In the instant matter, the communications between the parties evidence Schlegel's concerns about potential future litigation and monetary compensation. Parker knew that those issues had to be addressed, and as in Loppert, responded with a settlement offer that was the natural result of prior discussions. Under an objective analysis of the negotiations that occurred between Parker and Schlegel, a reasonable negotiator would find that the April 10 letter constituted an settlement offer which concluded those prior negotiations. In fact, Parker acknowledged that its offer should alleviate Schlegel's concern over any lingering uncertainty about future disputes.
Furthermore, Parker's conduct after the April 10 letter evidences a meeting of the minds. First, Parker confirmed Schlegel's oral acceptance on April 14 in an email which referenced the April 10 terms. It did not clarify, modify or limit those terms, in particular the language, "the parties grant to one another paid-up licenses under the patents-in-suit covering all past, present and future-marketed products."
Emphasis added.
Parker contends that essential terms, often included in licensing agreements, were missing from the April 10 letter and as a result no enforceable agreement was reached. During the drafting process, a number of those terms which Parker now deems as essential were either not included in its initial draft of the licensing/settlement agreement or, when rejected by Schlegel on the first review, were not re-suggested. Such terms which Parker argues as essential, that is, the number of units or sales volumes to be licensed, field of use terms, territorial scope of the license, representations and warranties and the manner and means whereby disputes would be resolved were absent in Parker's first settlement draft of April 22. Other provisions, such as, whether the license is sublicensable, assignable, transferrable, personal or inures to the benefit of a successor-in-interest were either minimally modified or not changed at all in Schelgel's responsive redraft of April 25. In any event, Parker did not modify those sections further in its second draft of April 28, but accepted Schlegel's suggestions and wording.

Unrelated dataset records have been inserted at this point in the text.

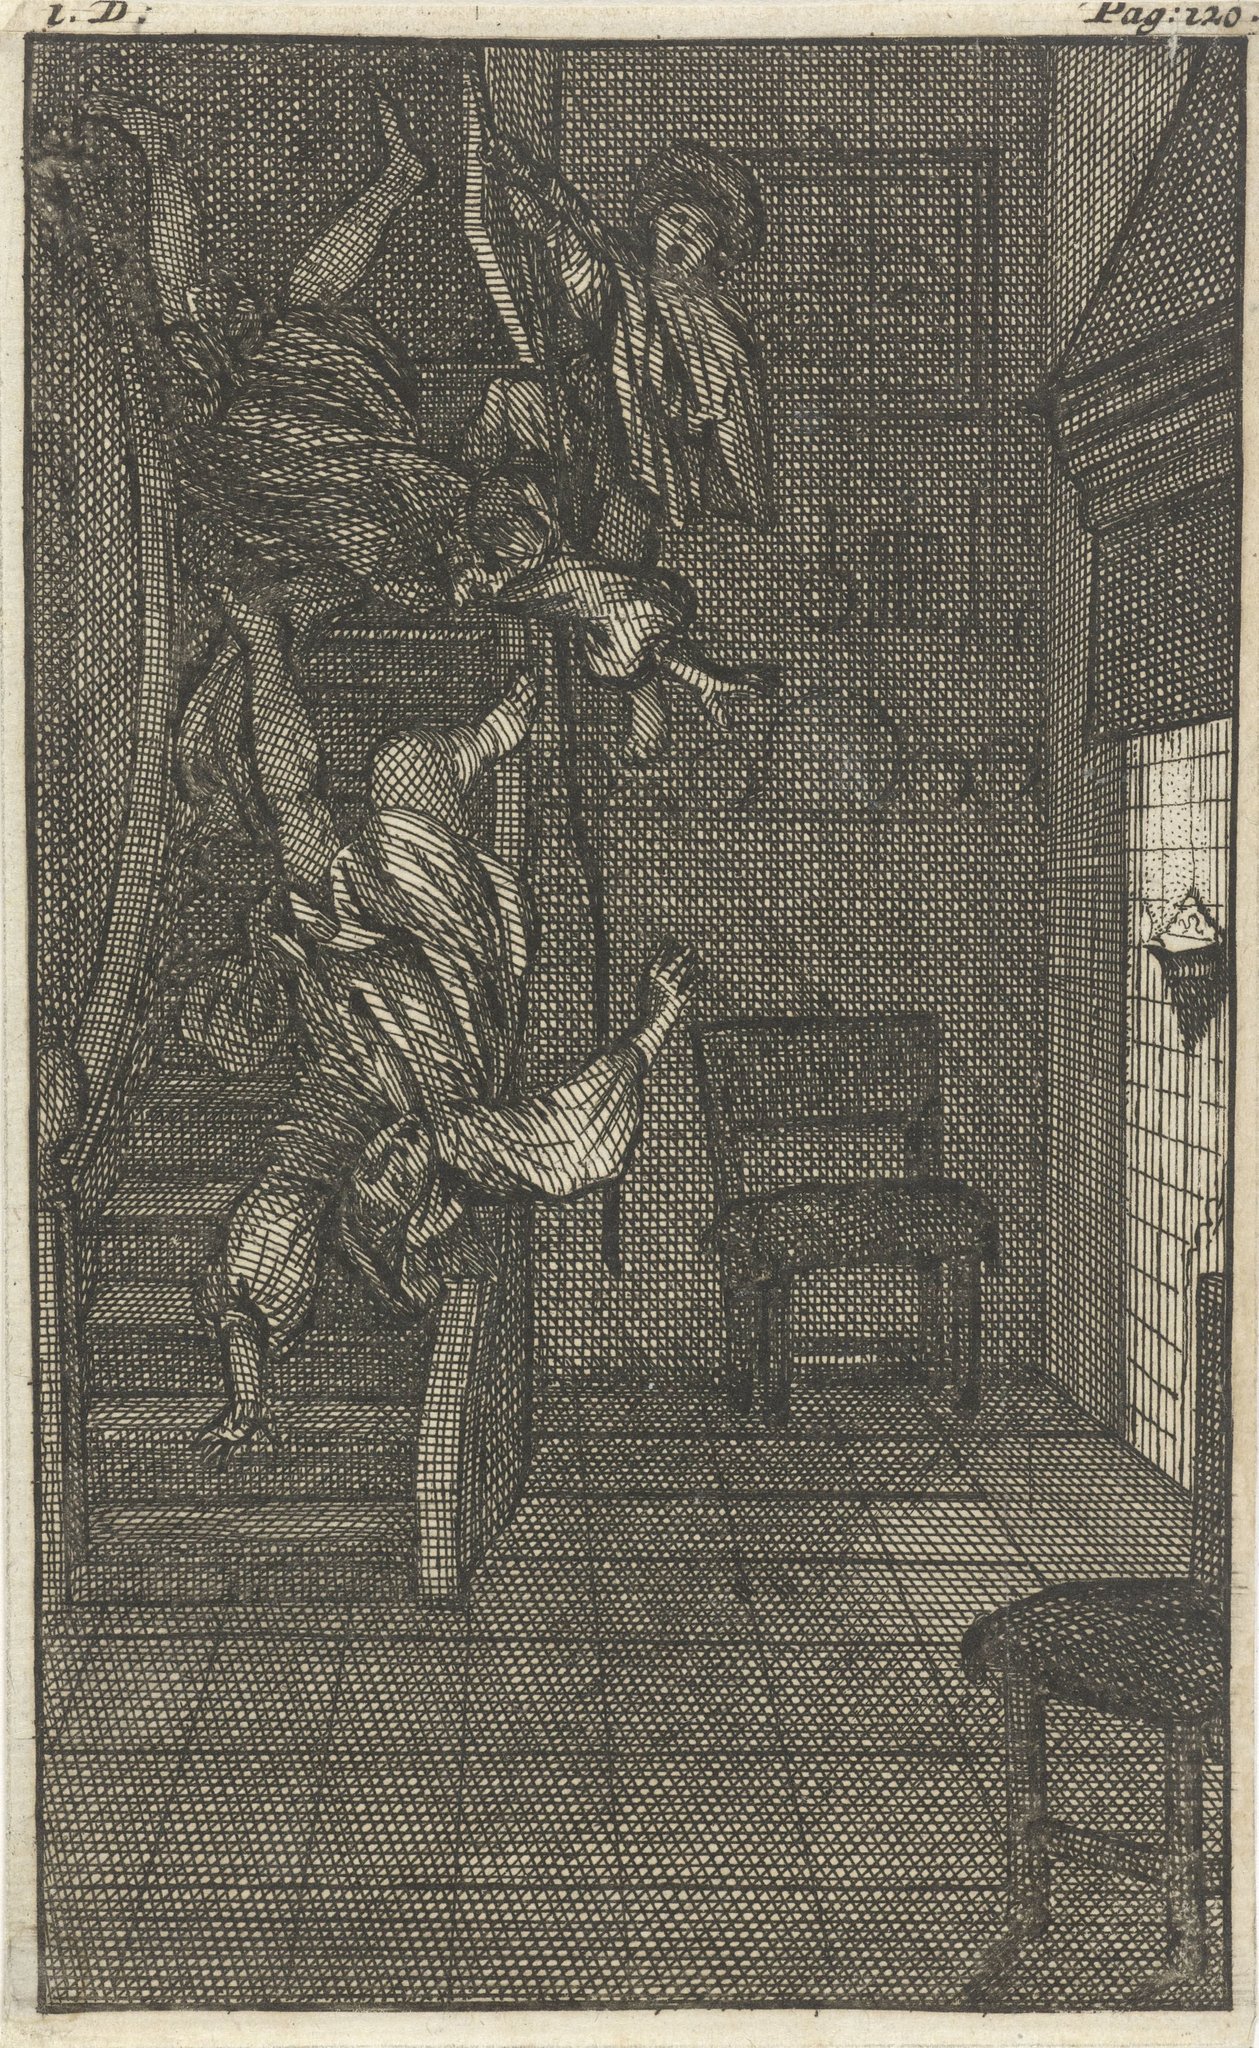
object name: book illustration
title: Mirandors meesteres, de markiezin, met haar minnaar ontdekt
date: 1695
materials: paper
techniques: etching
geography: amsterdam
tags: staircase, falling
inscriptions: collector's mark: Lugt 2228
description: Illustratie uit: Heinsius, Nicolaas jr. Den vermakelyken avanturier, ofte De wispelturige, en niet min wonderlyke levens-loop van Mirandor, 2 delen. Amsterdam: Pieter van Amsterdam, 1695, dl. I.

A number of the changes appear to be sentence structure or language preference modifications. In any event, such terms had been implicitly resolved by the April 10 and April 14 correspondence.

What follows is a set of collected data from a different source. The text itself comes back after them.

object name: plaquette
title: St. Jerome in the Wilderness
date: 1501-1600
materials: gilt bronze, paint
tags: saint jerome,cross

Certain allegedly essential provisions, such as, those dealing with termination and indemnity, were rejected in their entirety by Schlegel. Again, Parker did not re-include those sections in its second draft, but accepted Schlegel's deletion.

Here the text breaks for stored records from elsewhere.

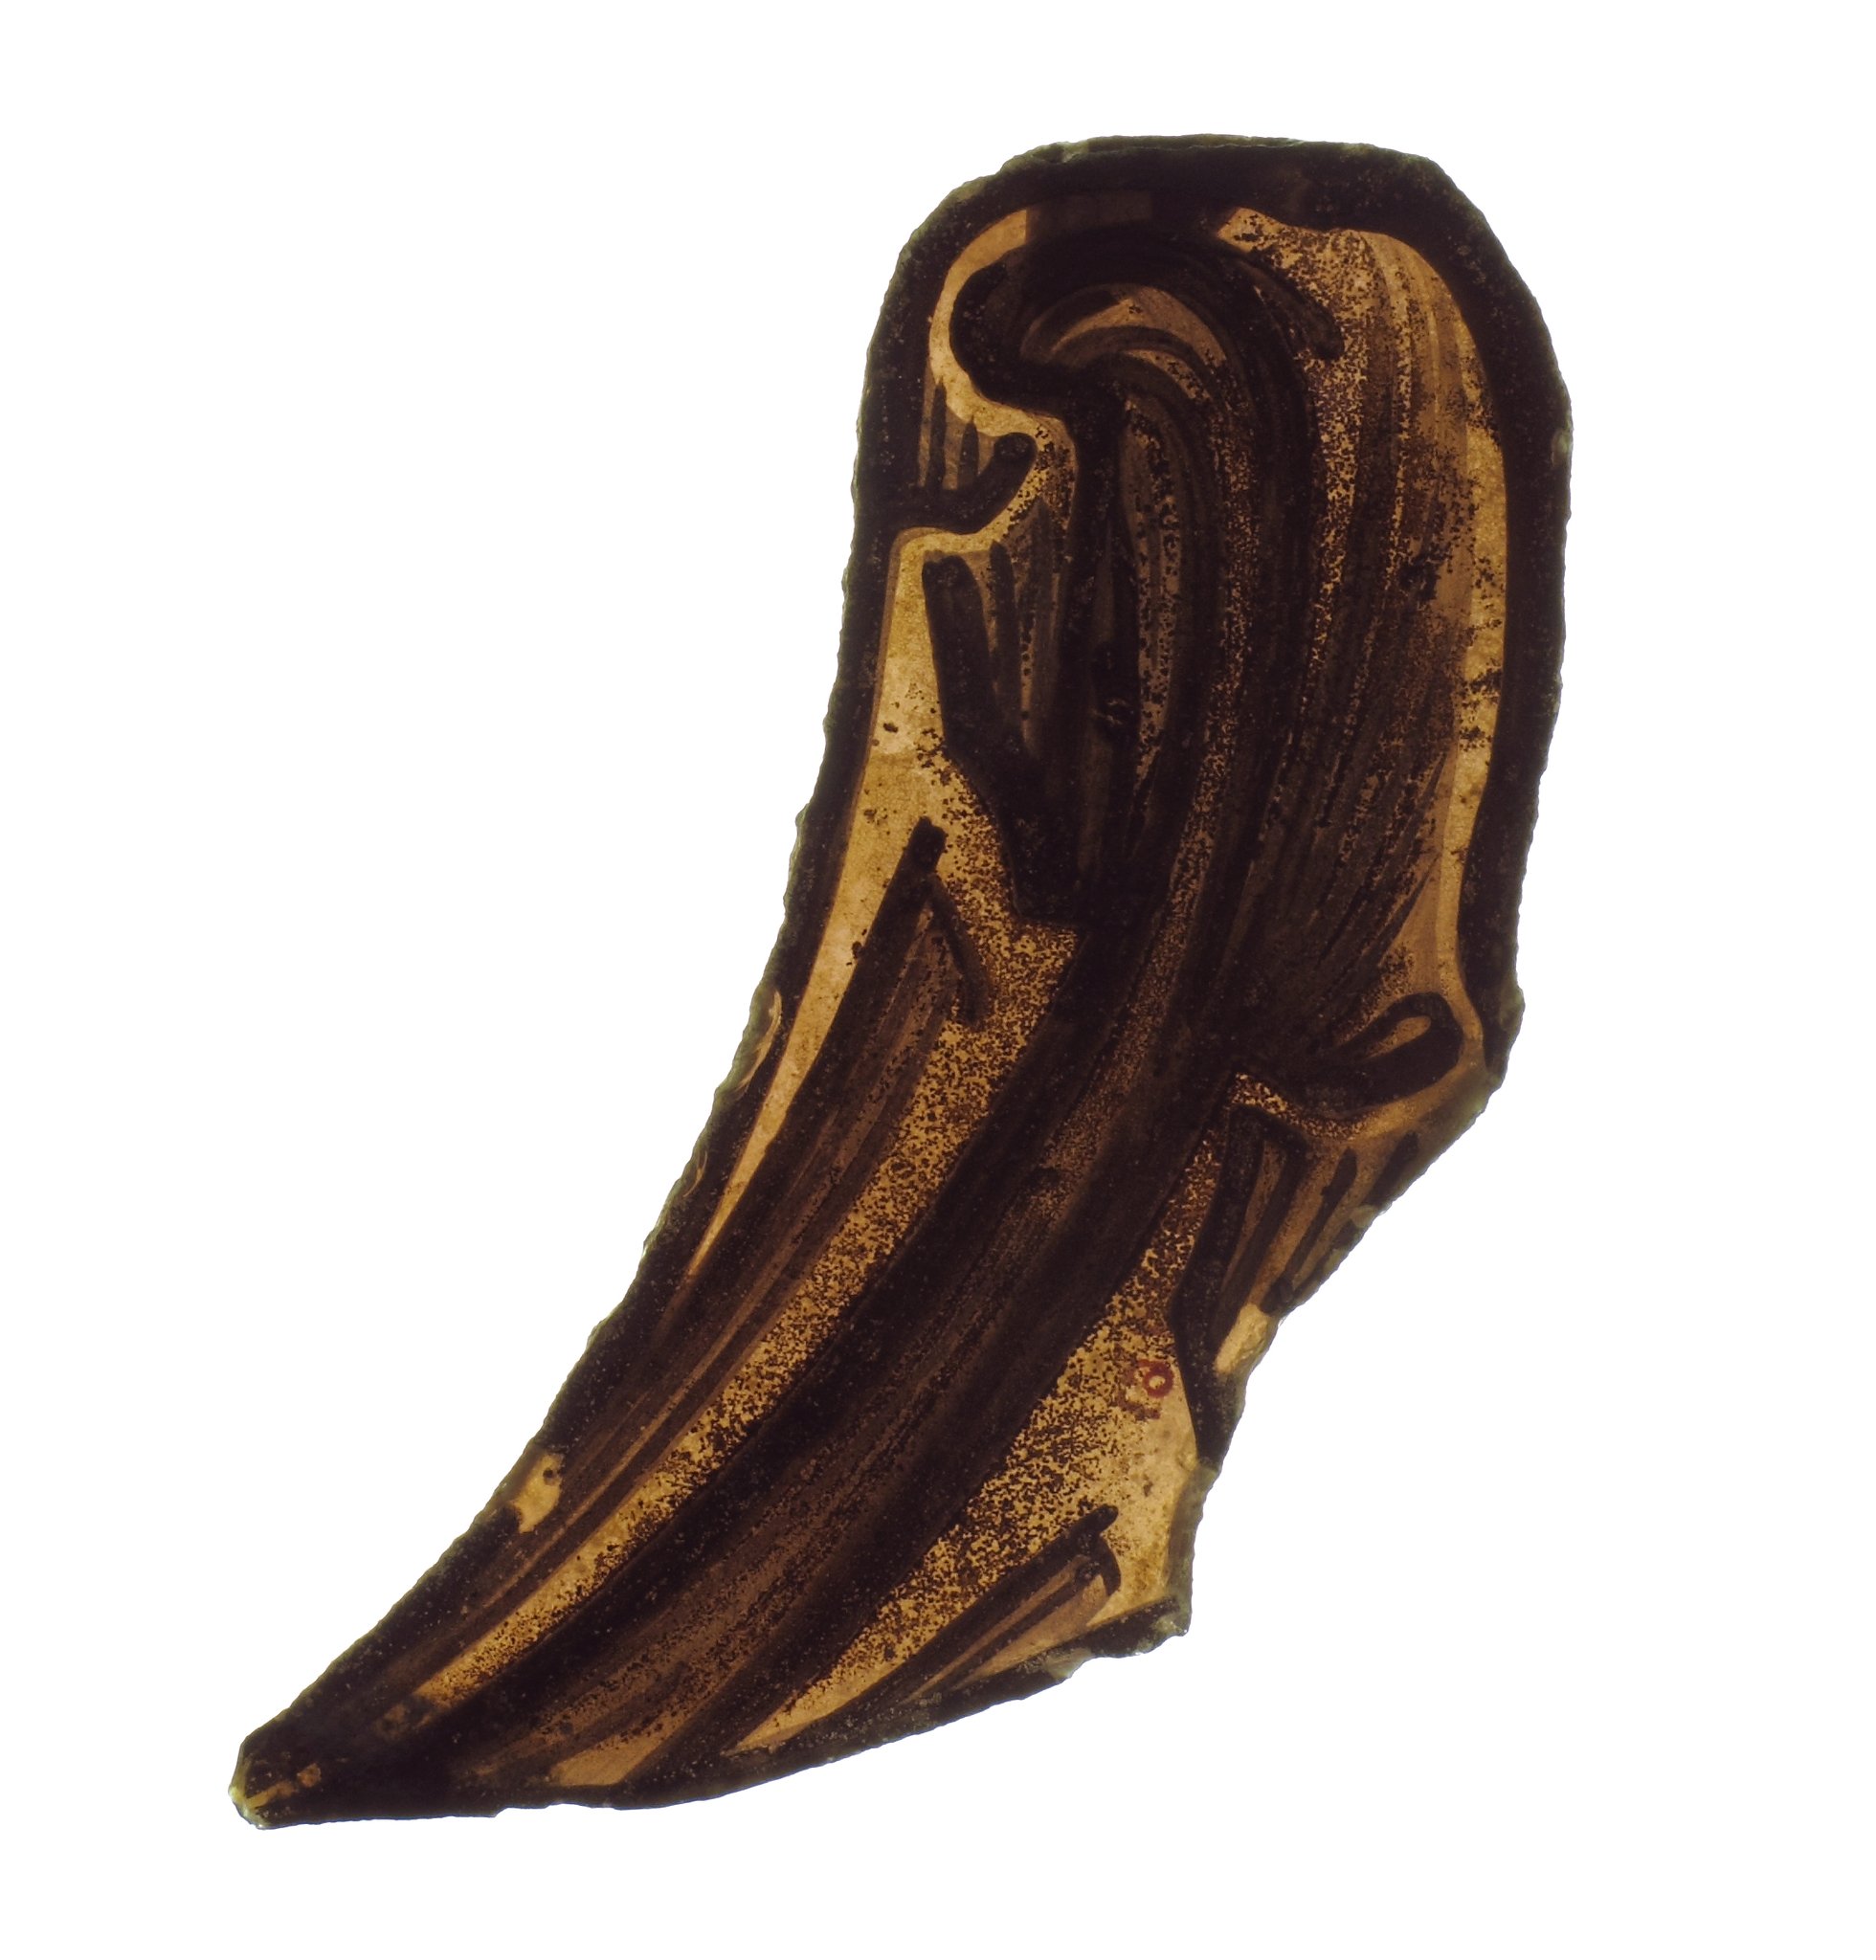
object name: fragment
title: Glass Fragment
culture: french
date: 1101-1400
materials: glass, metal, paint

Thus, Parker's conduct during the drafting process demonstrates that terms it now claims to be necessary for an agreement obviously were not. Moreover, it shows that parties had reached a meeting of the minds to the essential provisions. In the end, Parker only attempted to limit scope of the license by restricting the Schlegel products that were licensed, which effected future-marketed products, despite the unconditional language of the April 10 letter. Parker has not shown that its accepted offer was indefinite or incomplete. Although details are absent from the April 10 letter that may have required further negotiation, the essential terms of the agreement are clear and show an objective meeting of the minds as to those terms. Schlegel is entitled to enforcement of those terms. Therefore, for the reasons contained herein,
IT IS ORDERED and ADJUDGED that Schlegel's motion to enforce the settlement agreement (D.I. 37) is GRANTED.